Eventually, after countless drafts, bleeding onto the page every working day for three-and-a-half years, and spending thousands of pounds on tutors and mentors, the acceptance letters started to arrive.

Most short story writers are used to being annoyingly asked when they will finally write a novel. Learning to ignore overbearing people has never been my strong suit, so I set about beginning one in late 2018.

Literature is one of the few fields in which megalomania is a good thing, so it was time to write my magnum opus.

The Novel Itself

My novel (working title ‘Fallen Souls’) is a psychological thriller in which a woman is relentlessly stalked by an anonymous internet user who knows intimate details about her everyday life and claims to have known her through four previous incarnations.

It has had multiple beta-readings, including from Darling Axe, Fish Publishing, and The Literary Consultancy. Each rewrite has been more polished and fleshed out than the last.

Aside from bringing it up to standard, there are other reasons why it will be very difficult to ever get published. The viewpoint character is a woman of colour from another culture. She is also a sex worker who does not unequivocally hate her job. The more I rewrote it, the more I side-stepped these problems. The different culture that Lotus is from is a fictional one, so no need for a sensitivity reader from a nationality that doesn’t exist. The portrayal of the sex industry is even-handed, neither relentlessly bleak nor breezily positive.

Also, the more I rewrote it, the more prominence the male antagonist received. If I ever complete it, the novel might spend as much time in his shoes as the heroine’s. This would help either embrace or evade accusations of the male gaze.

Even so, nobody ever wrote anything good by pandering to trends in the publishing industry. And issues with marketability are not a good enough reason to abandon a creative project. When a subject is taboo, there is all the more reason for writers to write about it. So why am I abandoning it?

To work, a piece of writing needs to be unpretentious, it needs to flow out. It also has to be necessary. At this point, I cannot think of a reason why continuing with ‘Fallen Souls’ in the near future is in any way necessary.

Why does anyone write anything?

There are many bad reasons to write a book. These include fame, fortune, and a place in history. There are far more sensible, less laborious ways of achieving those things.

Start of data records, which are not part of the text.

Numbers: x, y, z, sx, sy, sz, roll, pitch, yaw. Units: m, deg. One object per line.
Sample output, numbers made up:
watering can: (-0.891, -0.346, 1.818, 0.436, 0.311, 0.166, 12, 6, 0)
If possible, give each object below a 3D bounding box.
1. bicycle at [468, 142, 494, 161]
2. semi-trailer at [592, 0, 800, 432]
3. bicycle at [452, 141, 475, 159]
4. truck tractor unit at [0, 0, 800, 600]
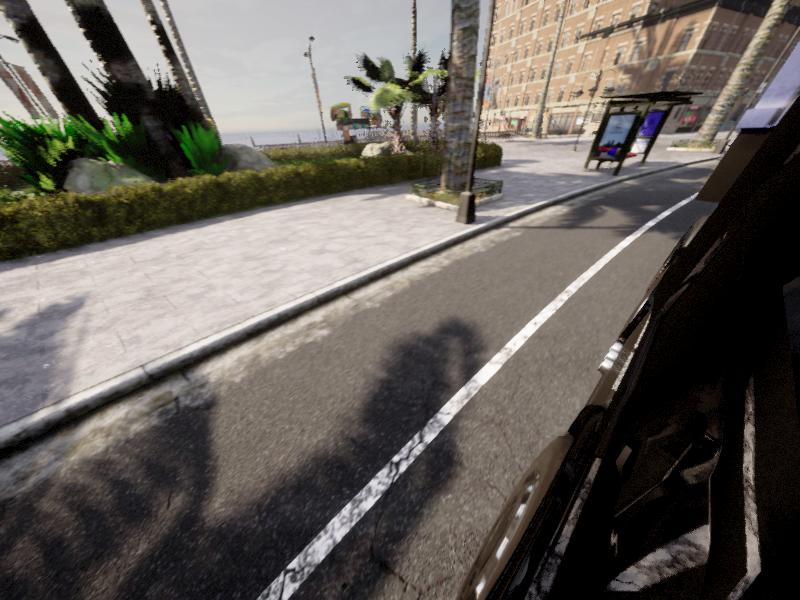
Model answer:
bicycle: (5.605, -10.284, 16.000, 1.643, 1.024, 0.373, -16, 39, -18)
semi-trailer: (9.071, -3.310, 3.839, 14.254, 4.402, 2.717, -23, 41, -25)
bicycle: (4.800, -11.364, 17.495, 1.643, 1.024, 0.373, -16, 39, -18)
truck tractor unit: (2.645, -0.295, 0.351, 6.516, 4.208, 3.053, -28, 44, -30)
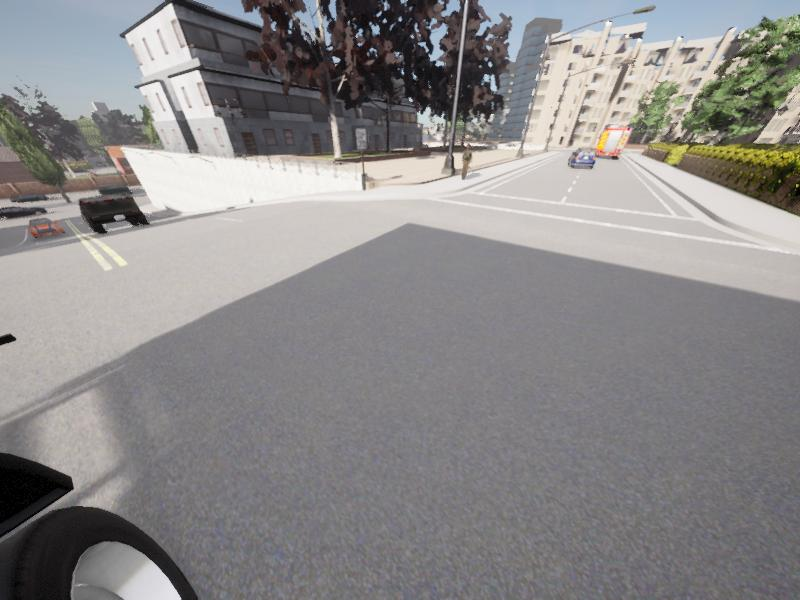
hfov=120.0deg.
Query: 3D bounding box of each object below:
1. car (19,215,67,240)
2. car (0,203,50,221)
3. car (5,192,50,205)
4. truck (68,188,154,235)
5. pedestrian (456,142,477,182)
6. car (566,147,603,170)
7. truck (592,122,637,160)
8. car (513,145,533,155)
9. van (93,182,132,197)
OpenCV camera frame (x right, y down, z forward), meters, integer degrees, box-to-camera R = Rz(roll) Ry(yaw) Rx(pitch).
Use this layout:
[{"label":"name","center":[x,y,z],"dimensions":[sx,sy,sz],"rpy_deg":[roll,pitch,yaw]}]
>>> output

The only good reason to write is that creative people are wired to create, as cats are wired to hunt. Few people understood this better than Gustav Holst, who wrote “Never compose anything unless the not composing of it becomes a positive nuisance to you”. The most creatively fertile periods of my life happened when I didn’t force it.  

In all good stories, the central character goes through big changes, and my journey as a writer is a more neatly-structured story than any fiction I have written.

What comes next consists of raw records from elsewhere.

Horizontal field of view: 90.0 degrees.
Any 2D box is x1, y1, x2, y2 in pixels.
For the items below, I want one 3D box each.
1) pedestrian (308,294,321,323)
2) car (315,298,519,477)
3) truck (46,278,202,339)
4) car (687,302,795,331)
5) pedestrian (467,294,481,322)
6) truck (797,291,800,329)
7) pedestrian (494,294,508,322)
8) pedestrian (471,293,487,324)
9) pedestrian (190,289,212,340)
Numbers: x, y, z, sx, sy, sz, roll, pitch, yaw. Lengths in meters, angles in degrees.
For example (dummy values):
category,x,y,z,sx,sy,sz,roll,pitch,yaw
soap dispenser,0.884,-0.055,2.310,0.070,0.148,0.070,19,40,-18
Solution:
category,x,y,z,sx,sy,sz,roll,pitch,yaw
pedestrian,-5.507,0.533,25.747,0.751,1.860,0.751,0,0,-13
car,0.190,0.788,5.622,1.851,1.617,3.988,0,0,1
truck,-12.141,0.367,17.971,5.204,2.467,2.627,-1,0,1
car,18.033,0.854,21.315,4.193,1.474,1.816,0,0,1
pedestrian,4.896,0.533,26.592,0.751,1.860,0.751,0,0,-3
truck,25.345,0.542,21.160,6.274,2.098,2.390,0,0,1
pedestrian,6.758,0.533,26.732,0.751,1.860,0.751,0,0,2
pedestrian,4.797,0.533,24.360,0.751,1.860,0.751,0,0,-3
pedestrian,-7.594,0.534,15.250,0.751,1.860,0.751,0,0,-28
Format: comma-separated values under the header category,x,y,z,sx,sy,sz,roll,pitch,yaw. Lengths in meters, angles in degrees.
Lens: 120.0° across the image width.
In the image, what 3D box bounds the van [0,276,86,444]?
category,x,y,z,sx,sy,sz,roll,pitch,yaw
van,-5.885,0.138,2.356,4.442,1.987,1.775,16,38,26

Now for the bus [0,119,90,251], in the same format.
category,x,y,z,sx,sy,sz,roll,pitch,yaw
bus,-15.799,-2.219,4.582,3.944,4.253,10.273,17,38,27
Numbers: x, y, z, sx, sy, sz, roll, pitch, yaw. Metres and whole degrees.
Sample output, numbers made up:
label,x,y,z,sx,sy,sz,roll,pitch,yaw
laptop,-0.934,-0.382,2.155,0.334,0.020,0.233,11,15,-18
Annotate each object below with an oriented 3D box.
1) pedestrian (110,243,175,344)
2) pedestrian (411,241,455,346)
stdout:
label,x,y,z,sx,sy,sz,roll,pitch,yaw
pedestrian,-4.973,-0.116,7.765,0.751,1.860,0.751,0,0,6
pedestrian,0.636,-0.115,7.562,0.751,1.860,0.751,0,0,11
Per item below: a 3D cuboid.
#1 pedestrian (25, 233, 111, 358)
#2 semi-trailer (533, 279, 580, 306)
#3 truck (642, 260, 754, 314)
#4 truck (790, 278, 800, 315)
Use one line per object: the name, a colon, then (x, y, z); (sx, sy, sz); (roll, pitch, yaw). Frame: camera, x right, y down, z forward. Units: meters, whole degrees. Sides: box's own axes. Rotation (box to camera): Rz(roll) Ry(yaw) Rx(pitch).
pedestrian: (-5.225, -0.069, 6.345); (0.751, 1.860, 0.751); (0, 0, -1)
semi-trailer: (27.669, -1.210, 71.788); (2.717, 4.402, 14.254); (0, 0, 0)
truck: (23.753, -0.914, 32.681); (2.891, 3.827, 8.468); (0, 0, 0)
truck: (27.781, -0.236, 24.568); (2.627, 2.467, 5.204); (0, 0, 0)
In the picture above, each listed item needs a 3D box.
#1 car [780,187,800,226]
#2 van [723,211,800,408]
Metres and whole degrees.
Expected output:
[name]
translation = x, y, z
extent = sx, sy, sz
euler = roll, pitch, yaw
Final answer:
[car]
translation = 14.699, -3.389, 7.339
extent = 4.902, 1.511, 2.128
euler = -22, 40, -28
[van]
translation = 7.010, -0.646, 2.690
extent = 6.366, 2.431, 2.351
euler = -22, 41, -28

Writing has caused me to pick up a lot of valuable habits, including to finally start setting standards for the company I keep. The first person I formally cut out of my life was Chester. In a good story, every character wants something. Chester wanted to be listened to and be thought of as wise and sagely. I listened to him very carefully and reached the only conclusion I possibly could – he is about as sage and as wise as that bloke on the Internet who fucked a horse and died.

The best advice I have ever received came from the literary translator Bruce Humes, who won’t mind me sharing this:

To say that the time spent on this novel was time wasted would be like saying that time spent on training for a marathon was wasted by every competitor who didn’t win.

I once had a summer job selling books door-to-door in Illinois. Our rather cultish Tennesseean employers gave us a special vocabulary to describe our situation. Getting the cops called on us was called “the blue light award”. “Executive exercises” were a ritual similar to the New Zealand Hakka that we carried out in the Denny’s car park every morning. A zero-sales day was known as a “character building day”.

Writing a novel is as character building as it gets.